There is soul in the eyes of others. There is beauty in the simple lines of shadows on pavement or the oily puddles making rainbows in a parking lot. I can picture these beautiful photographs in my mind right now. But, instead of creating them, I often find myself snapping a selfie. These selfies are rarely good enough to share so they end up living in my phone, collecting digital dust.  

A few weeks ago, through Generation Justice, I met Miguel Gandert. Miguel is a renowned New Mexican photographer.His culture-rich images are exquisite and familiar. During his lecture, Miguel mentioned that more pictures have been taken in the last few years than during the entire history of photography. This is because we take pictures of everything: our food, our nails, our coffee cups. Many of us take a selfie a day.

Miguel’s words stuck with me. I began to take stock of the images I have been creating lately. And many of them were of the same ilk: done quickly out of habit, then abandoned.

But my quick little selfies and snapshots don’t mean much to me and they’re often bad photography.
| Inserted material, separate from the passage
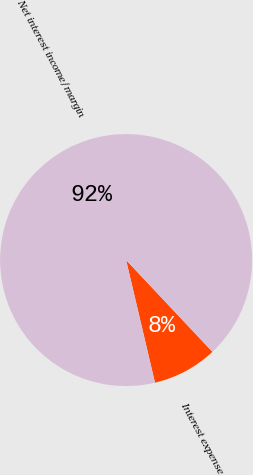Convert chart to OTSL. <chart><loc_0><loc_0><loc_500><loc_500><pie_chart><fcel>Interest expense<fcel>Net interest income/margin<nl><fcel>8.33%<fcel>91.67%<nl></chart>

It could be because they’re not honest. I’m capturing images of myself not as I am in real life, or even in the moment. There is a strange disconnect between myself and my selfies.

For example, I’ve often stopped what I am doing and begged my son to “take a selfie with mommy!” The poor guy is usually miserable looking while I affect a strange, uber-happy persona; raised eyebrows and a cheshire cat smile. It comes off as forced and a little bit deranged.

I Imagine if I took the same time and intention and used it to compose beautiful images of my environments. What if I studied the shadow of a building with the same effort I do the shadows under my eyes?

I love photography. I love the way an image can arrest my attention and induce instant emotion. For me, there was always something comforting about developing film or taking shot after shot to capture a split second in time.

These are the moments I relish, the moments which actually tell a story.

And that is the essence of my frustration. I’m not telling a story when I turn the camera on myself. My story is what I see in the world; the saffron sunset after a rainy day, the leaves of a tree flapping  a mad dance in the breeze. It’s so much more interesting than “Kateri sitting in her living room” or “Kateri sitting in her car.”

Perhaps what I’m frustrated with is my own narcissism. But what is more self-gratifying than being proud of your own piece of work? I guess what I want is to be more…like myself. My real self: Kateri who takes time to consider the story an image tells and creates, not out of boredom, but out of the love of her craft and her surroundings.